Ahhh! We’re idiots! In the hullabaloo surrounding our birthday, we forgot to plug the Whirlwind Heat show @ the Mercury last night. Oops. Lucky for us (and for you) Whirlwind Heat team up with MC Paul Barman at Southpaw on Valentine’s Day. (If you were caught up in the hullabaloo about the potential terrorist attacks and forgot to send love or buy presents, you can still do so.)
We BUSTED OUT THE BOOGIES for them because we think they ROCK. And all our friends did too. Fo’ real! We thought they’d hate them, but they too were charmed by the allure of little white boys spazzing out to loud noise. Maybe even M.S. thought they were good too!
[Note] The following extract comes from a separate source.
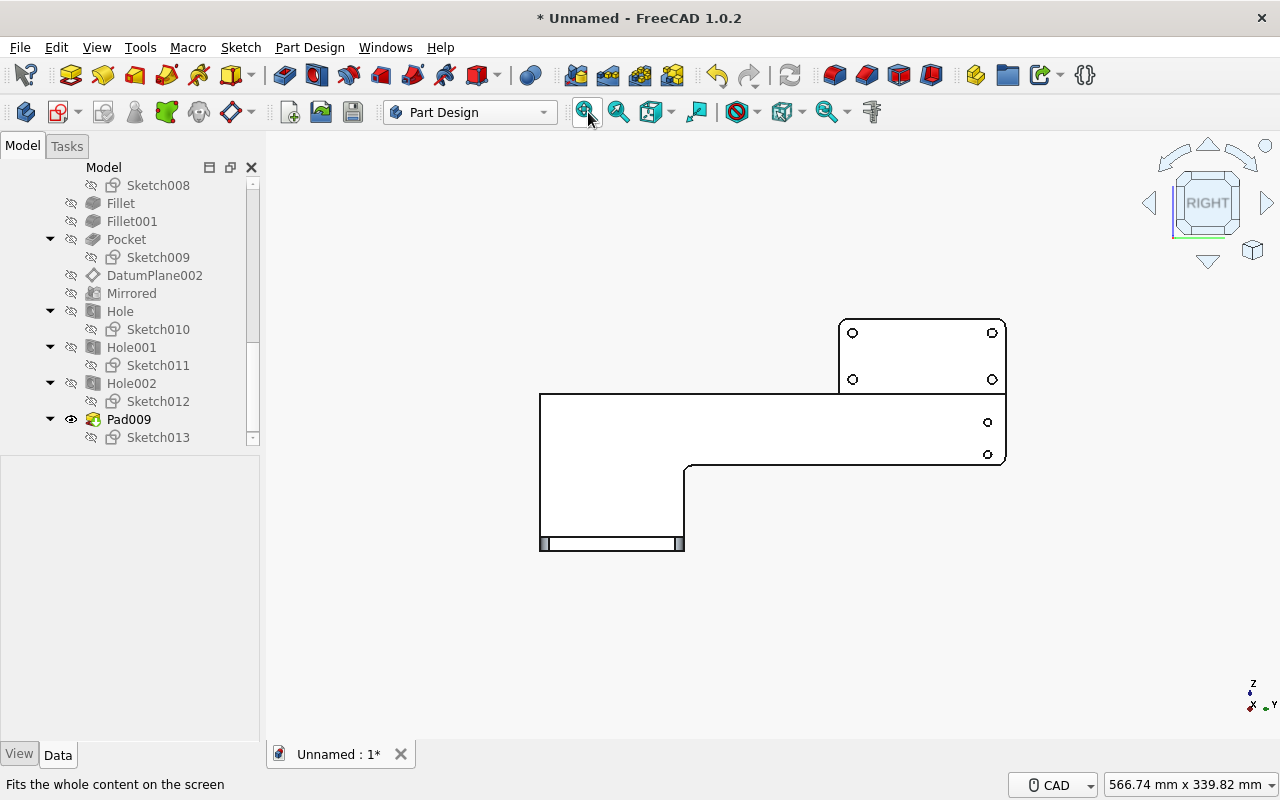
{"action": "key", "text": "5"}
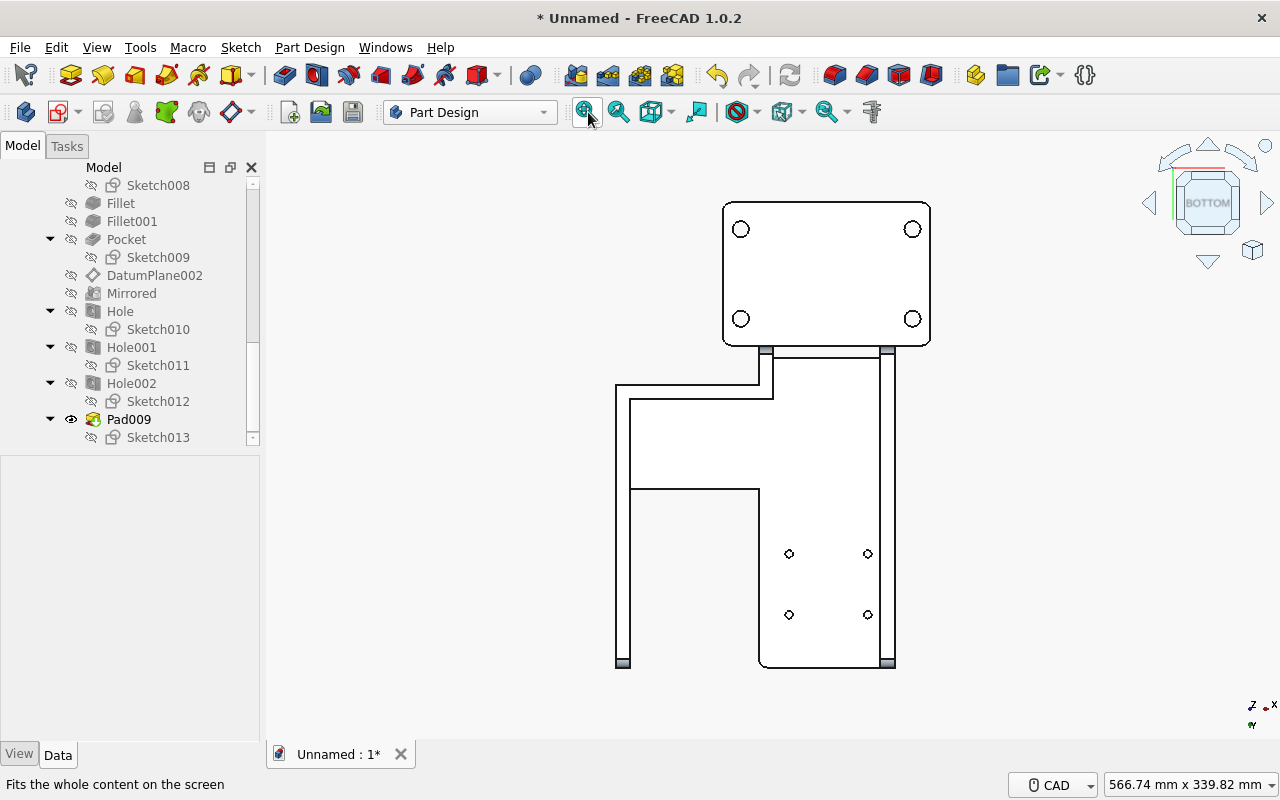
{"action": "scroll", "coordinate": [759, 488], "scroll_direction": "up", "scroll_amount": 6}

Whirlwind Heat’s debut album will be released on April 15 on Third Man Records. They’ll be right next to The White Stripes, because the alphabet works that way, so you might as well pick up a copy of their LP while you’re getting Elephant.
So the V-day show, you gotta be there if you’re not lucky enough to be at that other show. YOU CAN MAKE OUT AFTER THE MUSIC — IT’LL STILL BE VALENTINE’S DAY!
THE LONG AND SHORT OF IT: WHAT HAPPENS WHEN YOU SEND A HIPSTER TO AN INDIE ROCK SHOW
Basically, if it’s free, we’re there. That’s because we love free. It’s also ’cause we’re young and poor, so free really fits into our budget. So when we were offered tickets to the February 7, 2003 Apples in Stereo show, we graciously accepted.
But since we wouldn’t know an Apple in Stereo from a f*cking Banana with Mono, it makes sense when we tell you we were really there to see Stellastarr*, a local band from New York City who were the openers.
The first time we’d seen Stellastarr* was last summer at Luna Lounge. We’d gotten there late and we were all the way in the back but we thought them to be alright. Luna Lounge was P-A-C-K-E-D with scenester Lower East Siders and the band’s friends — which sounds kind of redundant now that we think about it — and it was ghastly lit, in the manner of most shows at Luna. Just like how Gypsy Rose Lee would drive men out of their minds just by coyly taking off a satin glove, when we’d catch a glimpse of lead singer Shawn’s elbow or bobbing head through the throng of people, it was like someone was doing us a favor.
The only other time we’d seen them had been at Tiswas @ Don Hill’s during CMJ, where we saw them play two sets in the same night. It confused the hell out of us because we were already a little out of it, spending most of the night on the vinyl couches across from the bar with our heads in our hands trying to make the ringing stop. At the point we weren’t sure if we were tripping on something or if time had folded upon itself causing us to re-live our not-so-distant past… or they actually were playing twice in one night.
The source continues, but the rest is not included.